The director of the Great Lakes Bioenergy Research Center at UW-Madison plans to produce valuable fuels and chemicals from currently unused biomass.
“The goal is to create technologies to convert non-edible or so-called lignocellulosic plant material into alternative sources of fossil fuels and chemicals,” Tim Donohue said earlier this week at a discussion held by the Wisconsin Technology Council.
That includes wood, as well as switchgrass and other native prairie grasses. Citing numbers from the U.S. Department of Energy and the USDA, Donohue said more than 1 billion tons of this biomass are produced every year in the United States from existing agricultural forestry and other activities.
None of that biomass is currently being used for economic benefit, according to Donohue.
“It’s our job to try and do that,” he said. “We think about economics, we think about the environment, and we think about technological sustainability. We want to create value from every piece of that biomass.”
Donohue said if half of the biomass produced every year was used to produce fuels and chemicals, then 30 percent of the products derived from oil, coal and natural gas could be replaced.

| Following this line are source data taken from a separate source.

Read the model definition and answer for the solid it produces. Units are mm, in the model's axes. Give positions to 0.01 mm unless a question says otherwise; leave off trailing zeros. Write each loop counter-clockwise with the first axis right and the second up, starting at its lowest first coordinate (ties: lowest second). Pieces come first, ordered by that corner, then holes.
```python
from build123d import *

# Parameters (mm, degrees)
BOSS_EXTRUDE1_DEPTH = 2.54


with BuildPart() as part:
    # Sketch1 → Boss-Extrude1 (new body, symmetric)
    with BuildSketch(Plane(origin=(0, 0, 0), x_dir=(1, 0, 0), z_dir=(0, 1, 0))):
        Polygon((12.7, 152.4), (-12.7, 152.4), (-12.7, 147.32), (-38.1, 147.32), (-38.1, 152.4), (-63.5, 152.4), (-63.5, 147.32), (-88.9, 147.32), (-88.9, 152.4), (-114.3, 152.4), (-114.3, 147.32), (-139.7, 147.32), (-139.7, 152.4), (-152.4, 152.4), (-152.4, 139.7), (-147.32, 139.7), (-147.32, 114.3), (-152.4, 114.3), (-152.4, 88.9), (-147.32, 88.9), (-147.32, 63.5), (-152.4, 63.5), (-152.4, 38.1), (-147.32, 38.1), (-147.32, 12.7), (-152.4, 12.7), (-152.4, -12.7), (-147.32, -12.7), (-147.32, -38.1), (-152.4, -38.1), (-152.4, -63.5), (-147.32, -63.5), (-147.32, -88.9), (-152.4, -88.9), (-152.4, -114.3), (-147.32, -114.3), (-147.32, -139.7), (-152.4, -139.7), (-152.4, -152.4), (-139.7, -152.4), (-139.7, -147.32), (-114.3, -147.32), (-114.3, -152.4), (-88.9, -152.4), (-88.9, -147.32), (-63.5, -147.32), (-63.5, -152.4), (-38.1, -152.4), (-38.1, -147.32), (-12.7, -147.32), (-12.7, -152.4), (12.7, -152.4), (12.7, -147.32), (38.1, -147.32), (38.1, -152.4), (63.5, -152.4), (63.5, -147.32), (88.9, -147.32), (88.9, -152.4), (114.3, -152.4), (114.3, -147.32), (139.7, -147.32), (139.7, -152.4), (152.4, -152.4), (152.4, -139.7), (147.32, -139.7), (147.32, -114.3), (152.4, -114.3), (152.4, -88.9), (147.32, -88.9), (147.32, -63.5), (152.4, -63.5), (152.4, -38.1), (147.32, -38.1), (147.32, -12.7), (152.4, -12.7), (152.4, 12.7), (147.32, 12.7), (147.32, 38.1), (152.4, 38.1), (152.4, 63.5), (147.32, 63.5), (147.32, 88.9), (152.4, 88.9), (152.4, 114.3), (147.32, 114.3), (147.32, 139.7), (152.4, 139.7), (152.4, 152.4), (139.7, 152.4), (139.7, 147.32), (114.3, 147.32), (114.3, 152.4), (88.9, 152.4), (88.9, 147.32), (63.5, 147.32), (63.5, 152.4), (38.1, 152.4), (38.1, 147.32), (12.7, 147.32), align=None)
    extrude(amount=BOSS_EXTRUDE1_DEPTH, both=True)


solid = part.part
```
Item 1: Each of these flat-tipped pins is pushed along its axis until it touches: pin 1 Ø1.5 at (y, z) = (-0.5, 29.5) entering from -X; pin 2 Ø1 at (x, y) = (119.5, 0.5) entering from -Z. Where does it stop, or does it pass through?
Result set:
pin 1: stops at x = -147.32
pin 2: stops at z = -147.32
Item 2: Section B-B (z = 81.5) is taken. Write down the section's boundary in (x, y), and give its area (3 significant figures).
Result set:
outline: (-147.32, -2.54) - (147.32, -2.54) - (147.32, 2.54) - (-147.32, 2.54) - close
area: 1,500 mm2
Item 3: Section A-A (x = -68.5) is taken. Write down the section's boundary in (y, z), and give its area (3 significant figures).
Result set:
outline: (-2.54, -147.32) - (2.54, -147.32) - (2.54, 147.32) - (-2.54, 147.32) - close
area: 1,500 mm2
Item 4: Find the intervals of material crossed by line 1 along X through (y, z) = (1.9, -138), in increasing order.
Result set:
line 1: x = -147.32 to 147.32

“Petrochemicals and fuels are a multi-trillion dollar a year industry, for this country, so one-third of that is a big number,” he said. “That’s a lot of jobs; that’s a lot of economic opportunity.”
He said this strategy also represents an opportunity to develop new fuel and chemical economies for the state.
The petrochemical industry makes about half of its profits by selling chemicals, according to Donohue, despite that only coming from 10 percent of each barrel. The other half comes from fuels, making up about 75 percent of each barrel.
“So if we could make chemicals as well as fuels, the economics of these next-generation biorefineries will be very different than the starch ethanol plant is today,” he said.
Donohue sees a “huge economic opportunity” to build biorefineries, which he says would cost around $30 billion each. But he says that hefty cost could be balanced out by new jobs being created and by the products of those refineries being used locally.
“We want to maximize production of valuable biomass on so-called marginal or non-agricultural land, and convert as much of the biomass as possible,” he said. “We also want to predict how this is going to work… hopefully we’ve thought about things that are going to be deal-breakers.”
The research lab has been around for 12 years, and Donohue says nearly 200 U.S. and global patent applications have come out of the lab in the past two years alone. Through the Wisconsin Alumni Research Foundation, he says the Great Lakes Bioenergy research lab has more than 100 licensing options and has helped launch five startup companies.
On top of that, Donohue says the lab has trained hundreds of students in the bioenergy space.
Michigan State University is a major partner of the GLBRC, which is one of three bioenergy research centers created in 2007 by the DOE.